Пять курсовых, один диплом. Командировки в Питер и Казань. Форумы на Клязьме. Три статьи в «толстяках», общая научная работа уже по выпуску. Данилевский вел его, осторожно поддерживая за локоть на поворотах. На кафедре посмеивались, мол, седина в бороду, бес сами знаете куда. Надо же, столько студенточек, а выбрал кого?
Тим сидел в его кресле, обитом бархатом, которое и на первом-то курсе требовало срочного ремонта, а к пятому и вовсе запылило весь лоск, смотрел, как склоняется над очередным срезовым эссе Григорий Михайлович, и ломал голову — почему он? Школа без медали, институт без красноты, успехи без ошеломления, рвение без особых высот. Данилевский поднимал голову, щурился через толстые линзы очков.

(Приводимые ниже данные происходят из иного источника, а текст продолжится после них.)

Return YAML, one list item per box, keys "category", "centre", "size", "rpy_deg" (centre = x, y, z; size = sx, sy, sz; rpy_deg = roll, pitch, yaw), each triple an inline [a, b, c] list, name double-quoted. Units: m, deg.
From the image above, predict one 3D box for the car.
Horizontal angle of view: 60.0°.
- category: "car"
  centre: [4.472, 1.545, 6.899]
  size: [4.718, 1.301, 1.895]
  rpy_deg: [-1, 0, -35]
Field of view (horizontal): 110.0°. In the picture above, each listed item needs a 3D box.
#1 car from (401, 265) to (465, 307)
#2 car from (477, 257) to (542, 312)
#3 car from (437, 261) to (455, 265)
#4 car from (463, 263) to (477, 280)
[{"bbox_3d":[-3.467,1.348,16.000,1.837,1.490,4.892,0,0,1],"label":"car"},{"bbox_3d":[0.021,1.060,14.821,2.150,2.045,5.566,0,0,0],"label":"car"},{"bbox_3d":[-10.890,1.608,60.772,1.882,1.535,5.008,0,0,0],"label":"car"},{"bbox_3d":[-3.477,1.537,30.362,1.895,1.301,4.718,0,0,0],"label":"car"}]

— А может, чайку заварить, как думаете?
И Тим заваривал чай.
Их время текло за этим чаем, за разговорами бесконечными: то о прошлом — тогда слово ценилось тихое, дружочек, чем тише, тем оно честнее было, то о настоящем — не за литературу сейчас, все за пироги, а жаль, сколько хорошего могло быть написано, да незачем, то о будущем — помянешь слова мои, Тимур, бумажную книгу так просто не истребить, она еще поборется, со всеми поборется.
Данилевский стал еще суше, еще медленнее, оборачивал спину мохнатым платком, щурился крепче, говорил тише, но держался все так же прямо, все так же родственно и тепло. Тим приезжал к нему из редакции, привозил сигнальники и спорил над правками. А когда старик засыпал, сидя в бархатном своем кресле, тихонько уходил на кухню. Отмывал пригоревшую яичницу от сковороды и забивал низенький, советский еще холодильник готовыми котлетами, чтобы только разогреть, и ужин готов. Ел Данилевский мало, худел быстро. Тим ловил взглядом слабые движения его иссохших, в переплетении синих венок рук, и внутри него ворочался страх.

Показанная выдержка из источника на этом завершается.